| Task instructions |
Extract, exactly as written, all lines of the material below from the line that includes "What's the 3D" through its last line.

| Dataset content |
---------------

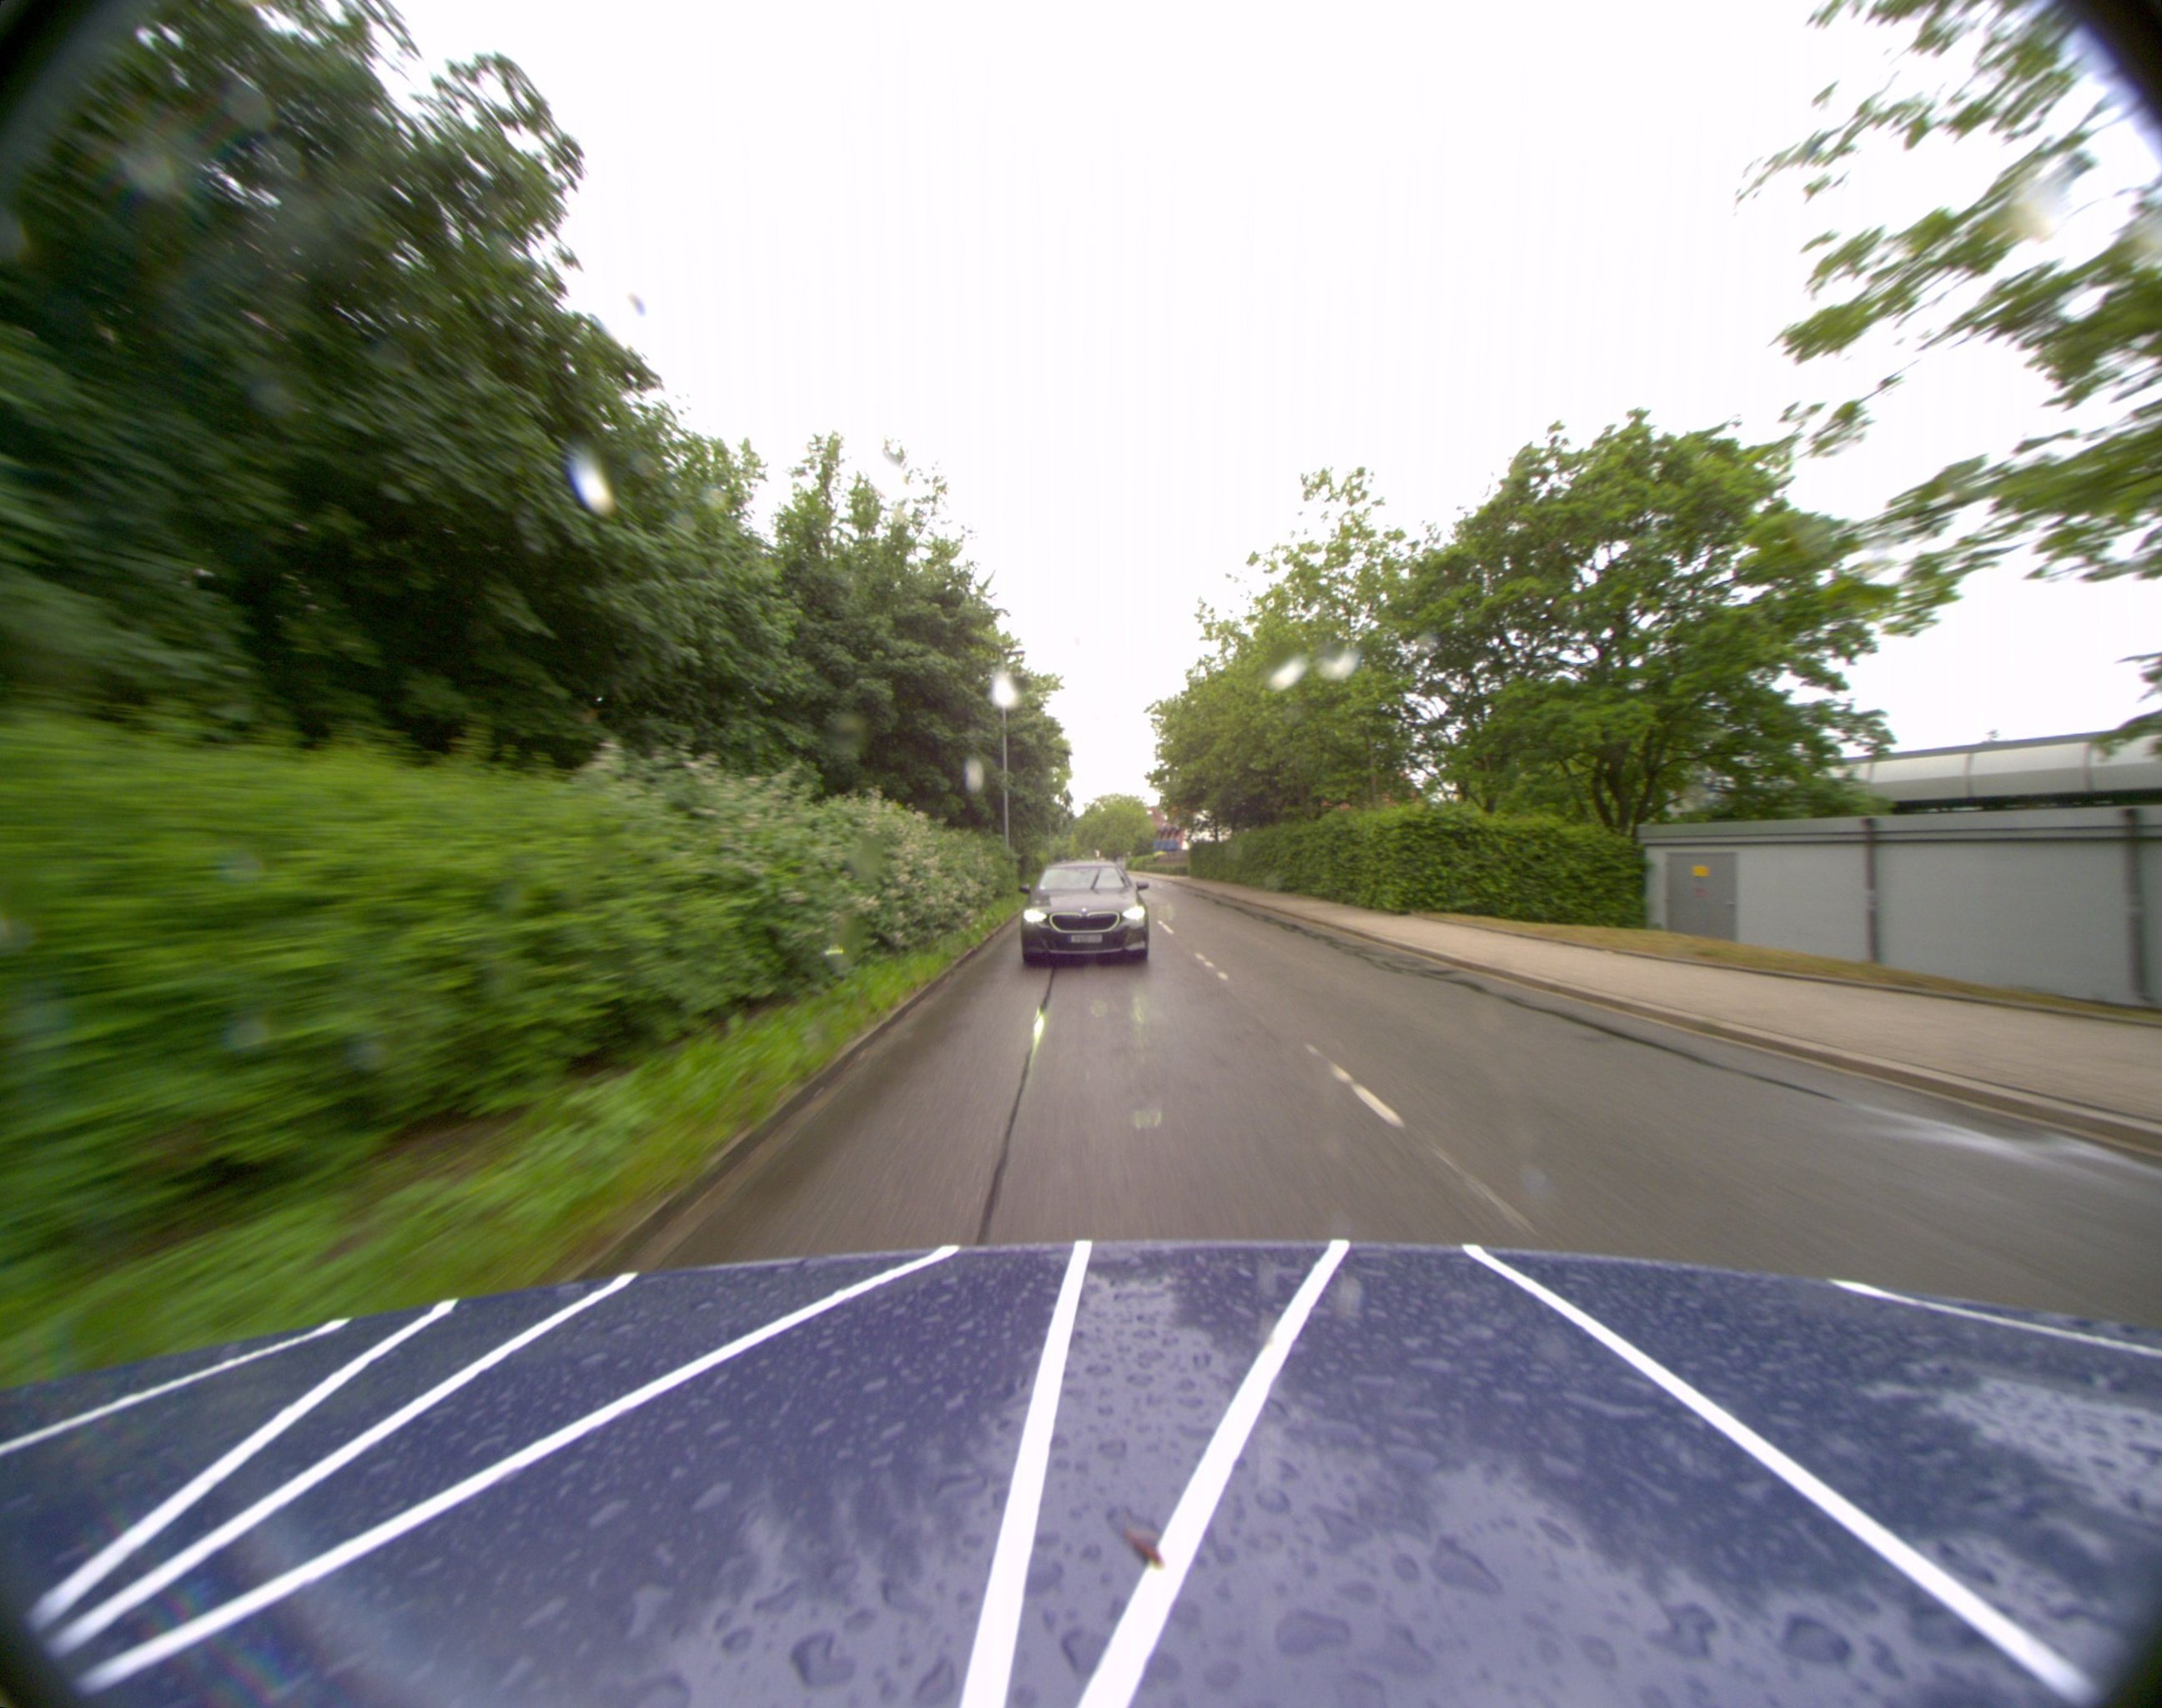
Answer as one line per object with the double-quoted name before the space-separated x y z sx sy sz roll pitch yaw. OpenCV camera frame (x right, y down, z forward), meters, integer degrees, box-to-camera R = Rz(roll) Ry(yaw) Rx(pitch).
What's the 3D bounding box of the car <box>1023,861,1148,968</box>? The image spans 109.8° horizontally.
"car" 0.044 0.933 13.655 1.832 1.499 4.498 -2 0 -1

---------------

| Answer |
What's the 3D bounding box of the car <box>1023,861,1148,968</box>? The image spans 109.8° horizontally.
"car" 0.044 0.933 13.655 1.832 1.499 4.498 -2 0 -1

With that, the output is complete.